Brian watched as Khalil winked at him.
"It is. My Inheritance Test said I had the abilities of parseltongue and parselmagic on my side, thanks to me being related to Slytherin."
"I'm just glad you're ok!" Merula said. "Admittedly, I used my owl instead of Athena to contact Professor Drake and Professor Fontaine, but…"

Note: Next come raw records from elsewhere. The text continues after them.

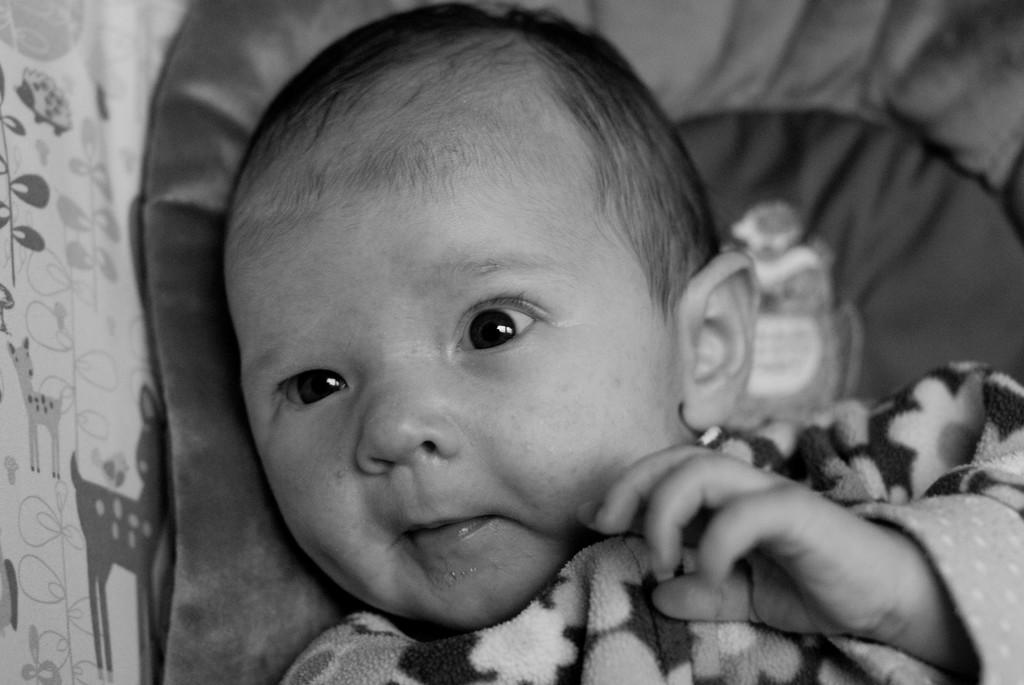What is the main subject of the image? The main subject of the image is a baby lying on the bed. What can be seen on the cloth in the image? There are animal pictures on the cloth in the image. How is the image presented in terms of color? The image is in black and white mode. What type of poison is the baby holding in the image? There is no poison present in the image; the baby is lying on the bed with animal pictures on the cloth. Can you tell me the name of the judge in the image? There is no judge present in the image; it features a baby lying on the bed with animal pictures on the cloth. 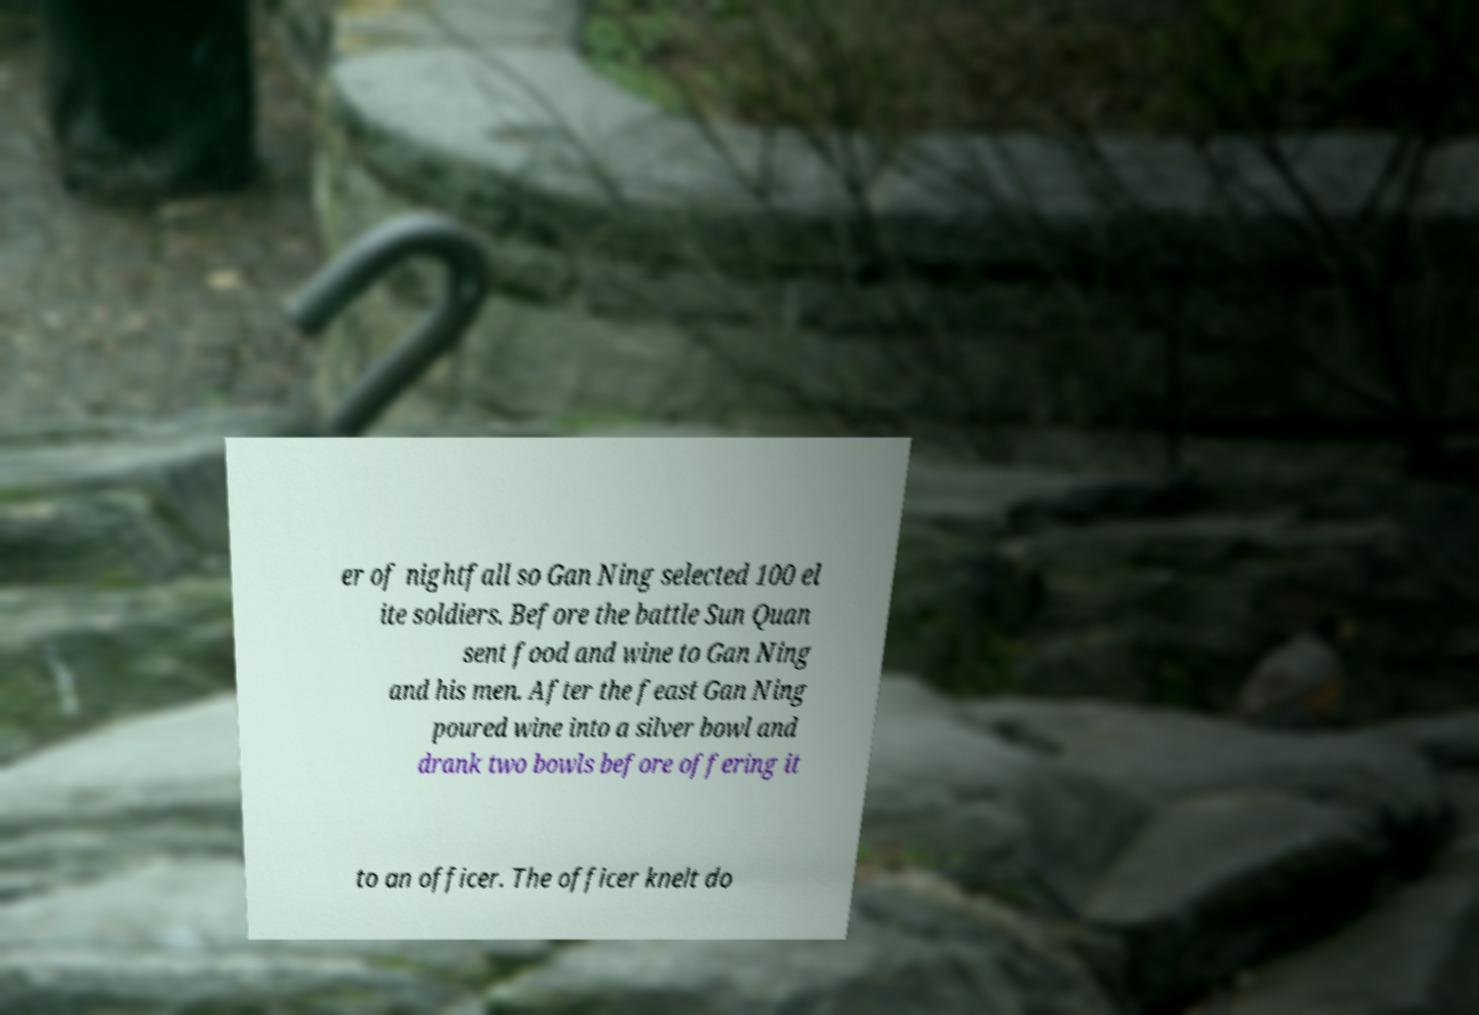There's text embedded in this image that I need extracted. Can you transcribe it verbatim? er of nightfall so Gan Ning selected 100 el ite soldiers. Before the battle Sun Quan sent food and wine to Gan Ning and his men. After the feast Gan Ning poured wine into a silver bowl and drank two bowls before offering it to an officer. The officer knelt do 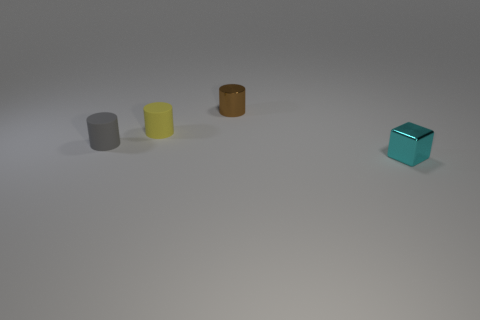Are any matte cubes visible?
Your answer should be very brief. No. What is the shape of the small shiny object to the left of the tiny metal object that is on the right side of the shiny thing to the left of the small cyan shiny object?
Offer a terse response. Cylinder. There is a tiny shiny block; what number of metallic things are on the left side of it?
Ensure brevity in your answer.  1. Is the material of the tiny cylinder on the left side of the tiny yellow thing the same as the yellow object?
Ensure brevity in your answer.  Yes. What number of other things are there of the same shape as the small cyan object?
Provide a succinct answer. 0. How many small cylinders are on the left side of the shiny object behind the metal thing that is to the right of the tiny brown cylinder?
Keep it short and to the point. 2. There is a object to the right of the brown cylinder; what is its color?
Ensure brevity in your answer.  Cyan. The other matte object that is the same shape as the tiny gray object is what size?
Your response must be concise. Small. What material is the yellow thing that is to the left of the metal thing that is behind the small metallic thing that is in front of the metallic cylinder?
Ensure brevity in your answer.  Rubber. Is the number of small yellow rubber things on the left side of the tiny block greater than the number of yellow objects that are in front of the tiny yellow object?
Provide a short and direct response. Yes. 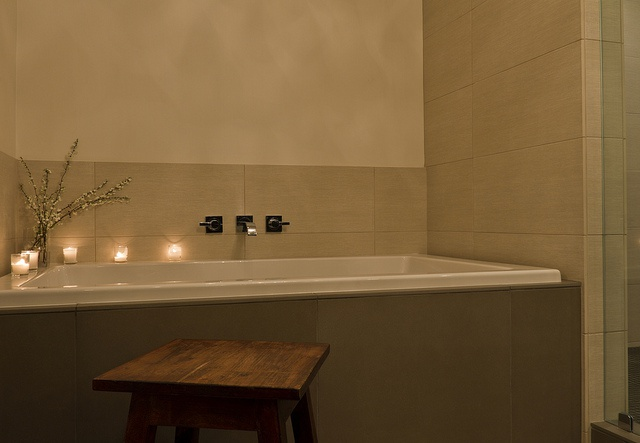Describe the objects in this image and their specific colors. I can see vase in olive, maroon, and black tones, cup in olive, tan, and ivory tones, cup in olive, gray, and tan tones, and cup in olive and tan tones in this image.

"Don't worry about it." Brian smiled.
Friday, May 11, 2012
After getting a bright-red yearbook and putting it in his bag, Brian had made his way down to the end-of-year feast alone. The Great Hall was full and decked out in orange, as Wampus had won the House Cup. A huge banner of the Wampus cat covered the wall behind the High Table. As soon as Brian entered, the Great Hall went quiet for a bit, and then everyone started talking loudly at once. Brian sat next to Merula at the Thunderbird table and tried to ignore the fact that everyone was staring at him: the heir to Isolt Sayre.
Fortunately, Professor Fontaine arrived moments later, causing the babble to die away.
"Another year has come to a close," Professor Fontaine said. "And I must trouble you with a speech before we begin our end-of-year feast. Hopefully, your heads are filled with knowledge for this year. After today, you will begin the summer holidays. Hopefully by then, you'll be well rested and ready for the next school year.
"Now, the House Cup needs awarding. In fourth place, Horned Serpent, with 312 points; in third place, Pukwudgie, with 342 points; in second place, Thunderbird with 372 points; and in first place, Wampus, with 472 points."
A storm of cheering came from the Wampus table, especially from Ben Cooper.
"Well done, House Wampus," said Fontaine. "However, recent events must be taken into account. As a result, I have a few last-minute bonus points to award."
The room went silent in confusion.
"First, to Miss Merula Snyde…"
Merula's face went beet red.
"… for the best game of chess Ilvermorny has seen in many, many years, I award Thunderbird House 50 points."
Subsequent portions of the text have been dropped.